**What needs to be done**
State only how many lines of the records contain the string "like".

**Records to process**
□ □ □

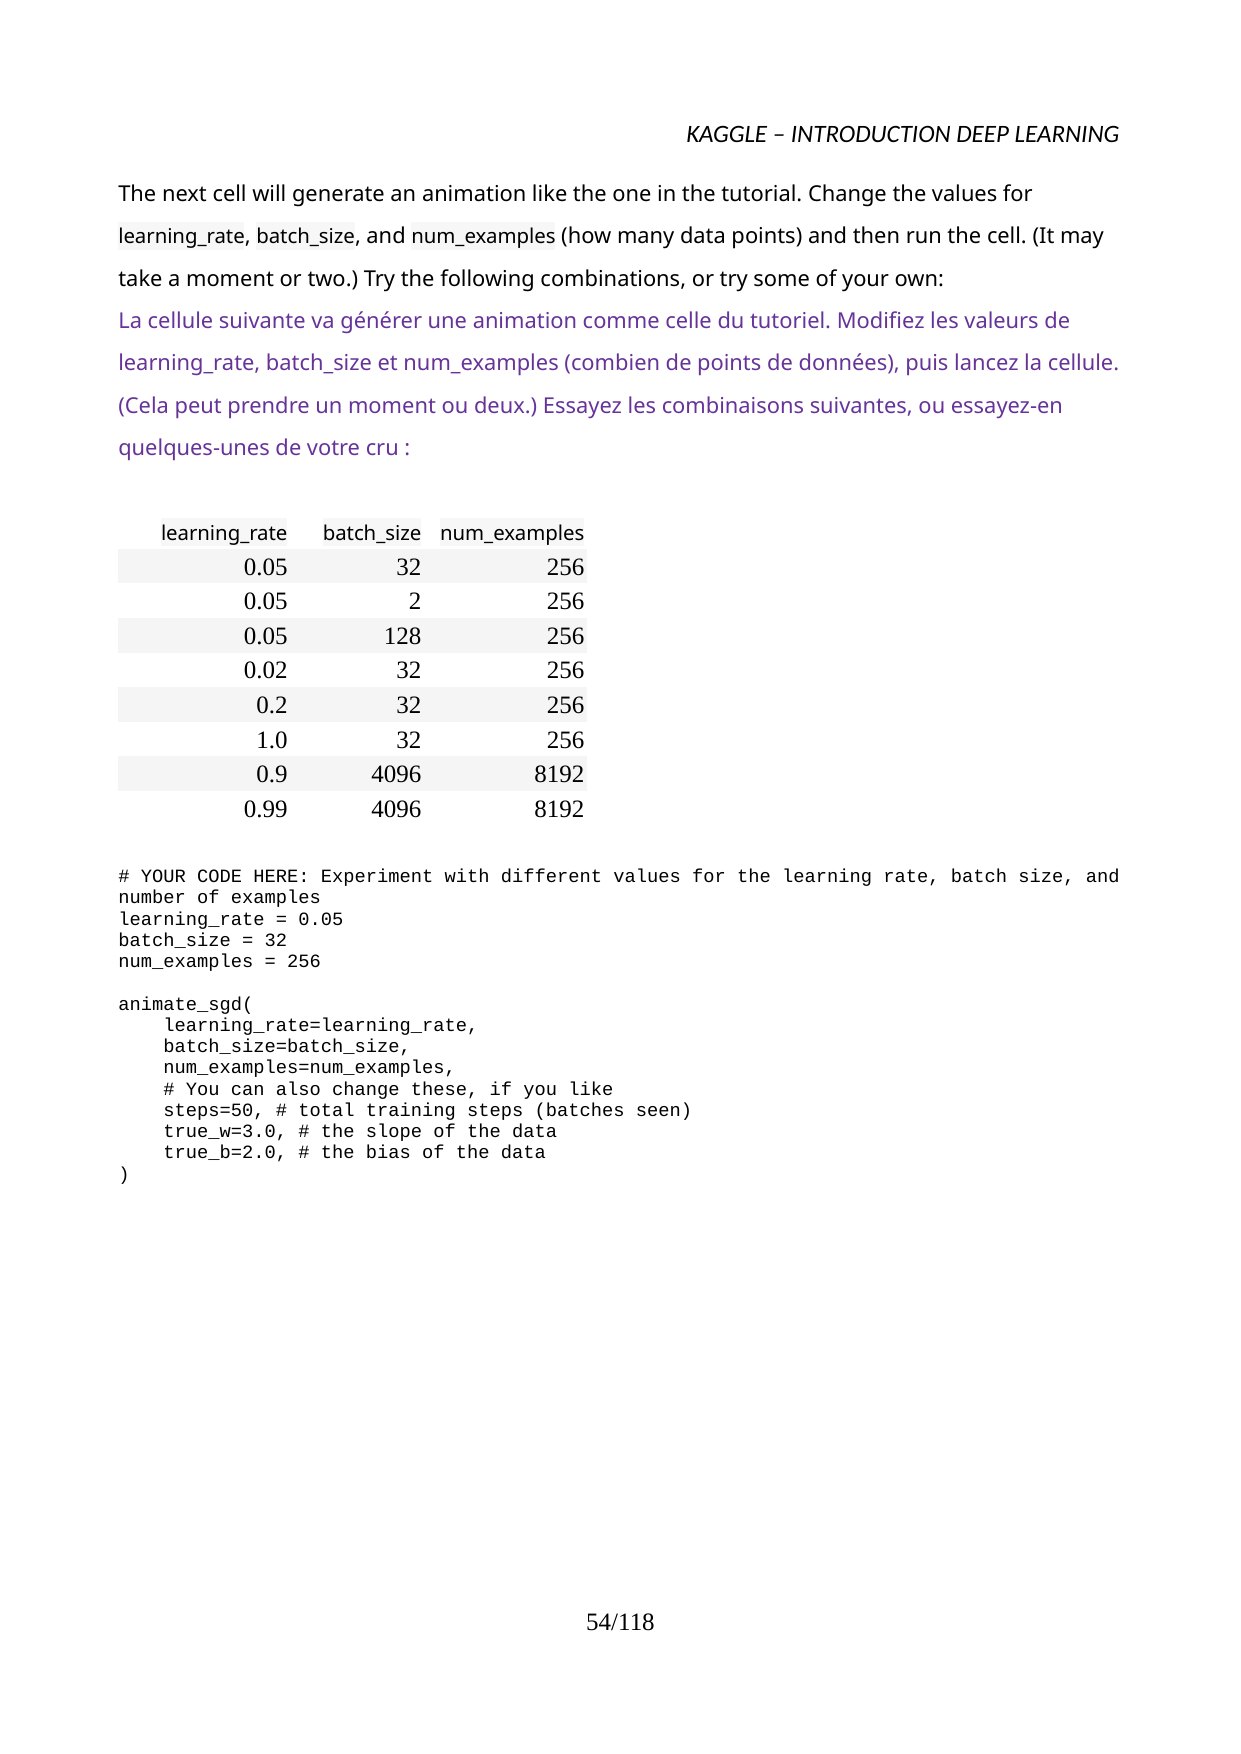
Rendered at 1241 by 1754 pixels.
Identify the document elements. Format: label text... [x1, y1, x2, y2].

table_cell 0.05 [118, 549, 290, 583]
table_cell 8192 [424, 791, 587, 826]
table_cell 32 [290, 687, 424, 722]
text animate_sgd( [118, 994, 1122, 1016]
text true_b=2.0, # the bias of the data [118, 1143, 1122, 1164]
table_cell 256 [424, 618, 587, 653]
table_cell 256 [424, 584, 587, 618]
table_cell 1.0 [118, 722, 290, 756]
table_cell 8192 [424, 756, 587, 791]
text learning_rate=learning_rate, [118, 1016, 1122, 1037]
table_cell 2 [290, 584, 424, 618]
text # You can also change these, if you like [118, 1079, 1122, 1101]
table_cell 0.05 [118, 584, 290, 618]
text # YOUR CODE HERE: Experiment with different values for the learning rate, batch size, and number of examples [118, 867, 1122, 909]
table_header batch_size [290, 515, 424, 549]
table_cell 0.02 [118, 653, 290, 687]
text ) [118, 1164, 1122, 1186]
text true_w=3.0, # the slope of the data [118, 1122, 1122, 1143]
table_cell 4096 [290, 791, 424, 826]
table_cell 0.05 [118, 618, 290, 653]
table_cell 256 [424, 722, 587, 756]
text num_examples=num_examples, [118, 1058, 1122, 1079]
table_cell 256 [424, 653, 587, 687]
table_cell 0.9 [118, 756, 290, 791]
table_cell 128 [290, 618, 424, 653]
table_cell 256 [424, 549, 587, 583]
table_cell 32 [290, 549, 424, 583]
text batch_size=batch_size, [118, 1037, 1122, 1058]
table_header learning_rate [118, 515, 290, 549]
table_cell 32 [290, 722, 424, 756]
text The next cell will generate an animation like the one in the tutorial. Change the values for learning_rate, batch_size, and num_examples (how many data points) and then run the cell. (It may take a moment or two.) Try the following combinations, or try some of your own: [118, 178, 1122, 292]
table_cell 32 [290, 653, 424, 687]
table_cell 0.99 [118, 791, 290, 826]
text batch_size = 32 [118, 931, 1122, 952]
table_cell 0.2 [118, 687, 290, 722]
text steps=50, # total training steps (batches seen) [118, 1101, 1122, 1122]
table_cell 256 [424, 687, 587, 722]
text num_examples = 256 [118, 952, 1122, 973]
table_cell 4096 [290, 756, 424, 791]
text learning_rate = 0.05 [118, 909, 1122, 931]
text La cellule suivante va générer une animation comme celle du tutoriel. Modifiez les valeurs de learning_rate, batch_size et num_examples (combien de points de données), puis lancez la cellule. (Cela peut prendre un moment ou deux.) Essayez les combinaisons suivantes, ou essayez-en quelques-unes de votre cru : [118, 305, 1122, 462]
table_header num_examples [424, 515, 587, 549]

□ □ □

**Solution to this problem**
2